**Exercise prompt**. With pictures left out, extract every line between the start of the records below and the line holding "[0:00.0-0:10.8]", inclusive.

**Data supplied**.
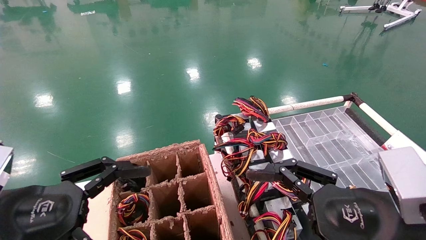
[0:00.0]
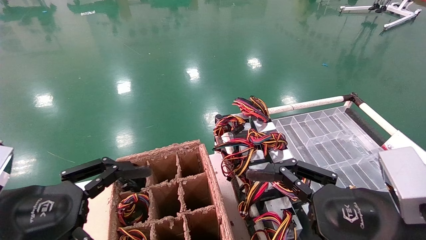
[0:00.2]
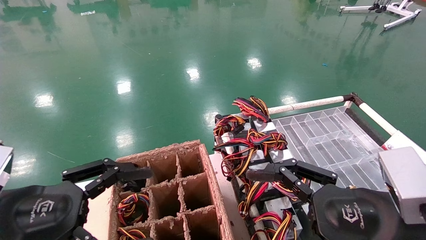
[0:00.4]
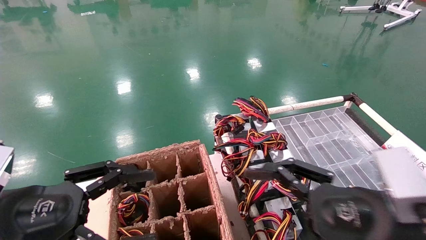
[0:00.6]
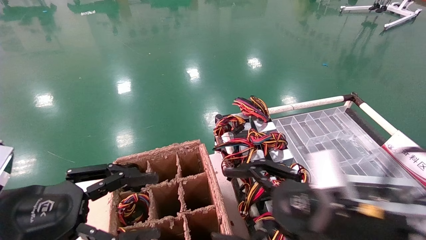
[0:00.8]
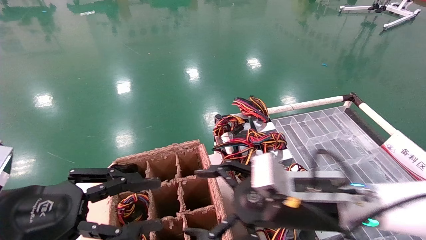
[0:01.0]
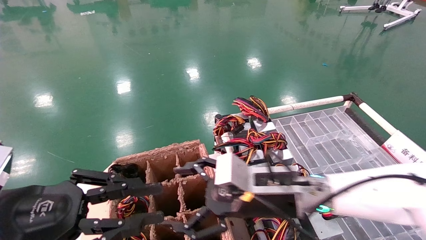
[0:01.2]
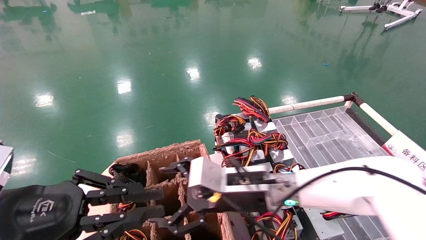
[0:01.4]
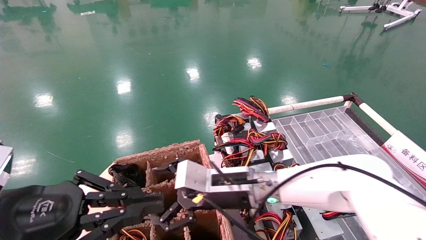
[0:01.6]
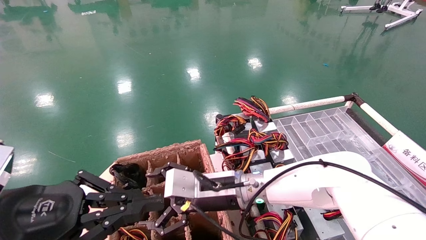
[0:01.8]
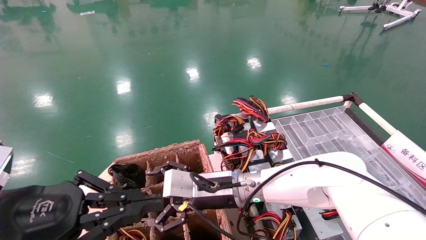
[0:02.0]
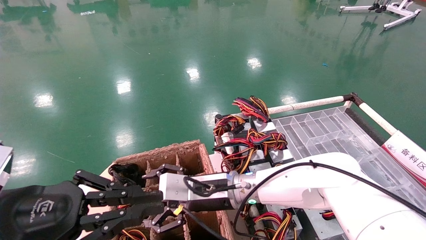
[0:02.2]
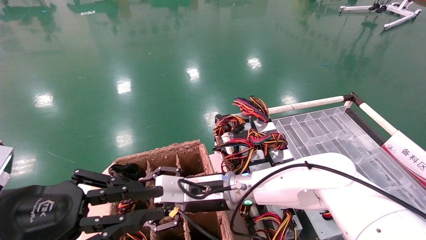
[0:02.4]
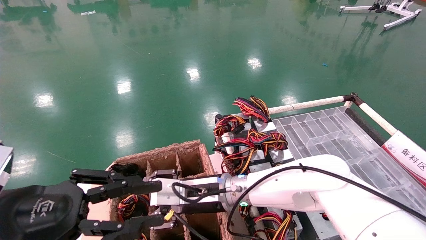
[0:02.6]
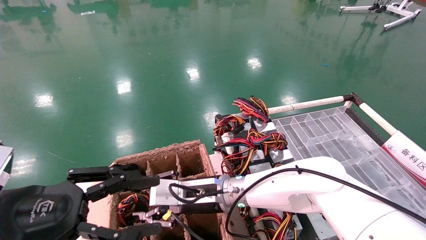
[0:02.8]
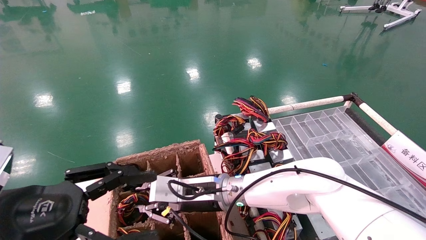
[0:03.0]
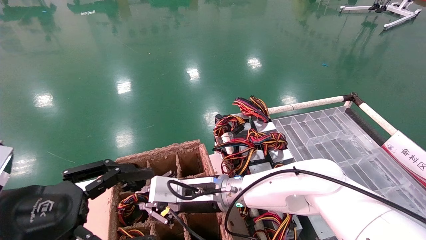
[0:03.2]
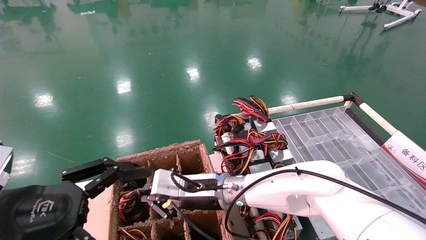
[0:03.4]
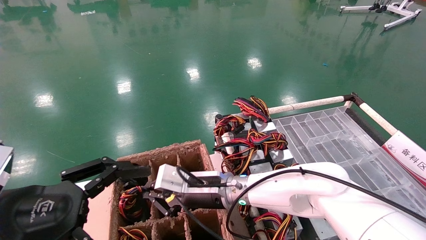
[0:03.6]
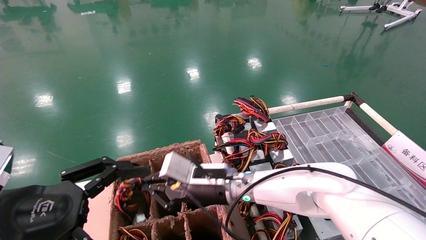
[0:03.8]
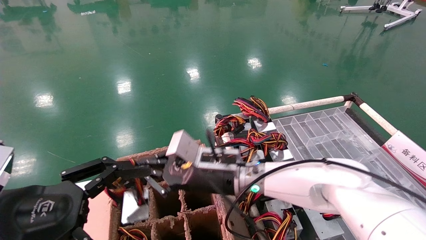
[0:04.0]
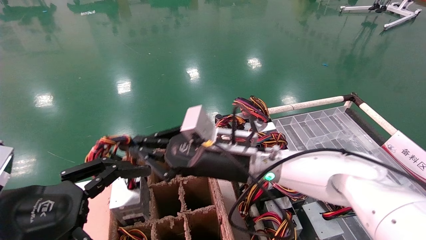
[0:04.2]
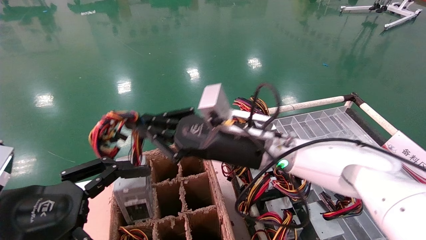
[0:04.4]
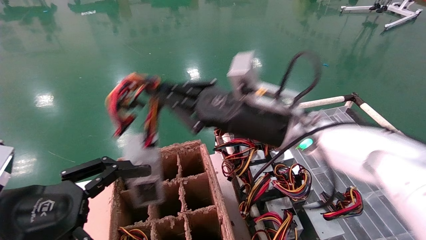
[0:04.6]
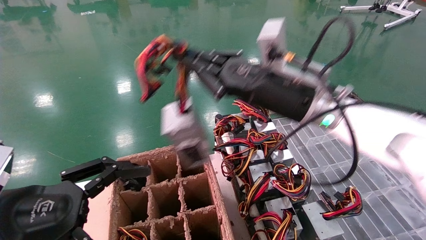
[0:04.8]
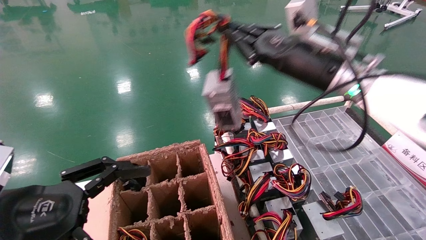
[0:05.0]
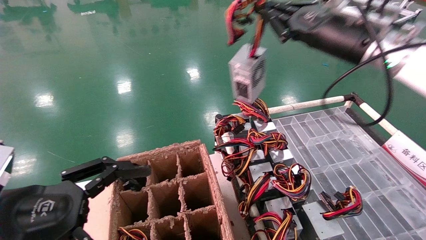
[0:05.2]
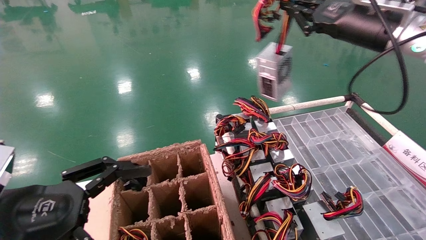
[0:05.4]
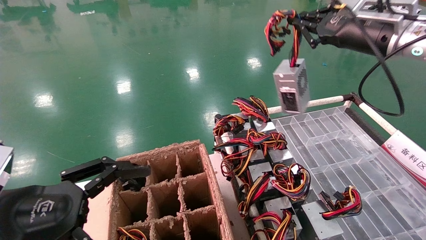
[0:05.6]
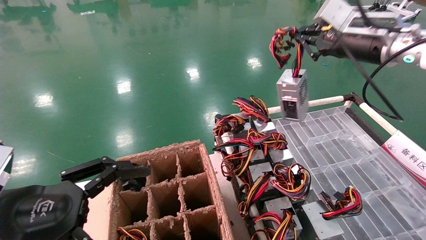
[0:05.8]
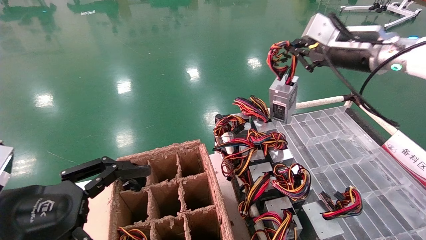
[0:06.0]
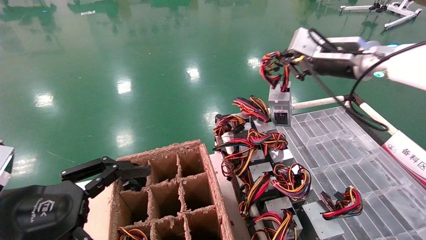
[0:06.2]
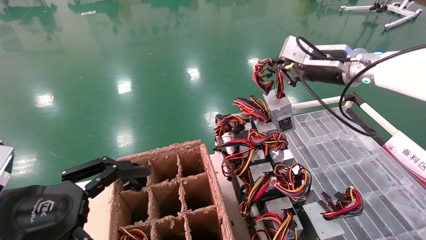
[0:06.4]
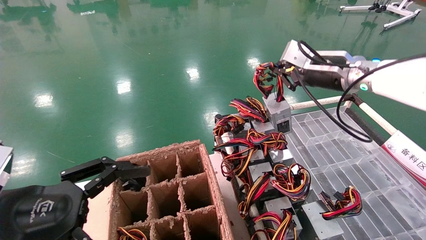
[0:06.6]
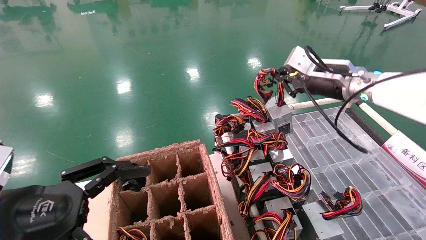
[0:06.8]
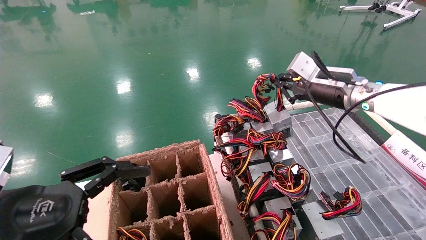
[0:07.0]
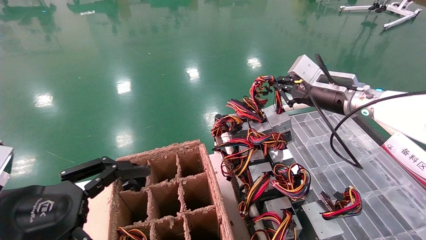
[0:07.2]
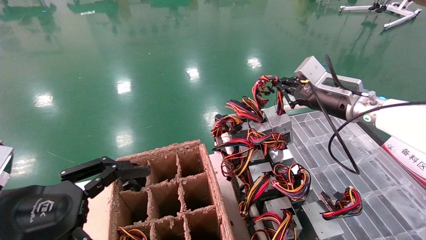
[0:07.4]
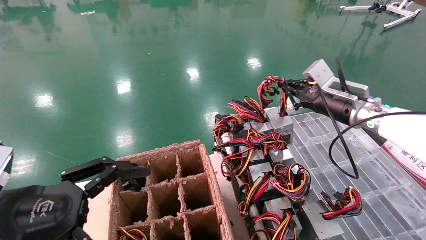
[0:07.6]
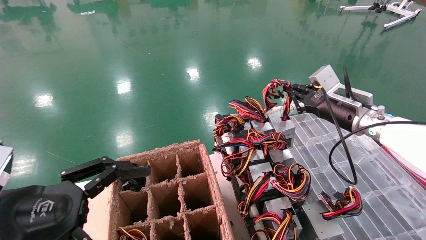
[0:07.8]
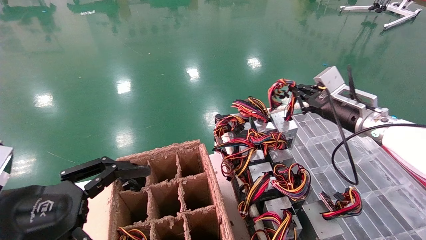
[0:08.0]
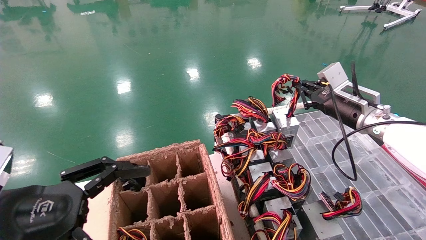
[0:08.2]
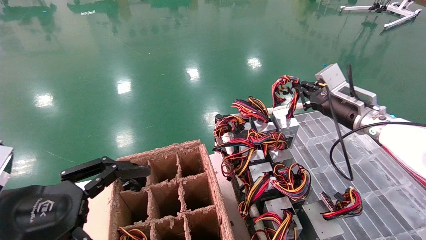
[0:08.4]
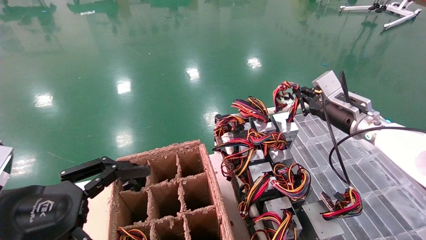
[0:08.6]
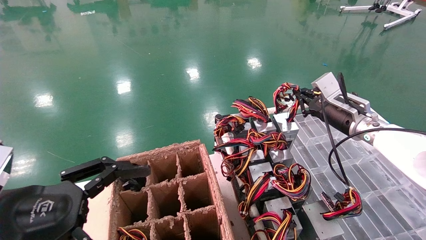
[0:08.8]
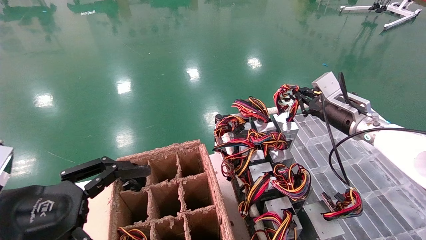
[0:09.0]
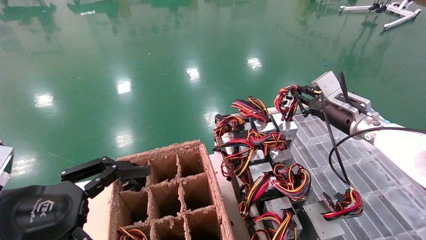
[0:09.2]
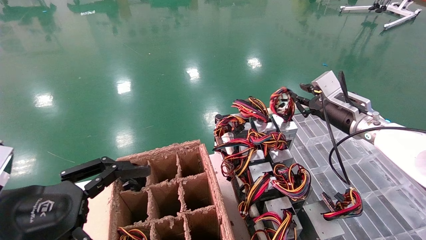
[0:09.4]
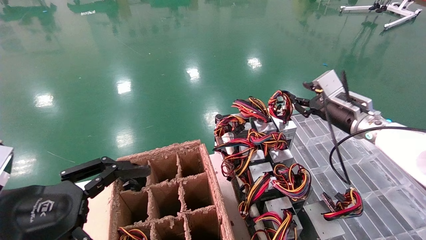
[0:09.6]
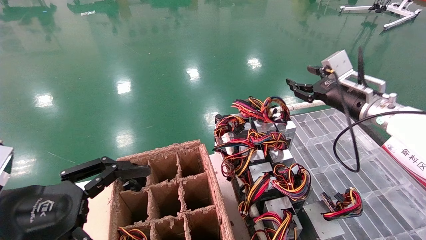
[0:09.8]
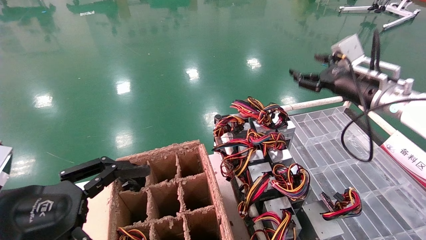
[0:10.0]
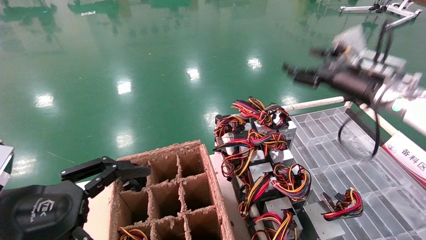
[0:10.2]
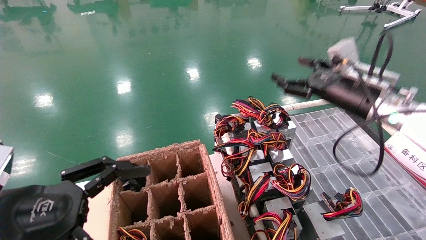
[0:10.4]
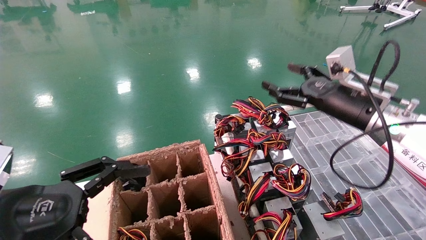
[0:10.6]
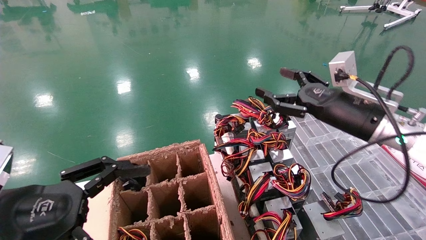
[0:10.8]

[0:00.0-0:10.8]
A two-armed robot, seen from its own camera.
Step, 0:00.8 to 0:03.4: Grab and lift the power supply from the large box.
Step, 0:03.6 to 0:09.2: Place the power supply on the operating table.
0:00.0 to 0:01.6: The right gripper goes about 25 cm to the left and forward. The left gripper closes its fingers.
0:01.6 to 0:03.0: The right gripper shifts some 5 cm to the left, and closes. Meanwhile the left gripper opens its fingers.
0:03.0 to 0:04.6: The right gripper travels upward and to the right by roughly 20 cm, and closes up. The left gripper opens.
0:04.6 to 0:06.2: The right gripper heads to the right and upward, covering some 20 cm.
0:06.2 to 0:07.8: The right gripper goes some 10 cm downward.
0:07.8 to 0:09.2: There are only small adjustments of the grippers.
0:09.2 to 0:10.8: The right gripper is displaced backward by approximately 10 cm, and opens up.

**Exercise output**.
[0:00.0]
[0:00.2]
[0:00.4]
[0:00.6]
[0:00.8]
[0:01.0]
[0:01.2]
[0:01.4]
[0:01.6]
[0:01.8]
[0:02.0]
[0:02.2]
[0:02.4]
[0:02.6]
[0:02.8]
[0:03.0]
[0:03.2]
[0:03.4]
[0:03.6]
[0:03.8]
[0:04.0]
[0:04.2]
[0:04.4]
[0:04.6]
[0:04.8]
[0:05.0]
[0:05.2]
[0:05.4]
[0:05.6]
[0:05.8]
[0:06.0]
[0:06.2]
[0:06.4]
[0:06.6]
[0:06.8]
[0:07.0]
[0:07.2]
[0:07.4]
[0:07.6]
[0:07.8]
[0:08.0]
[0:08.2]
[0:08.4]
[0:08.6]
[0:08.8]
[0:09.0]
[0:09.2]
[0:09.4]
[0:09.6]
[0:09.8]
[0:10.0]
[0:10.2]
[0:10.4]
[0:10.6]
[0:10.8]

[0:00.0-0:10.8]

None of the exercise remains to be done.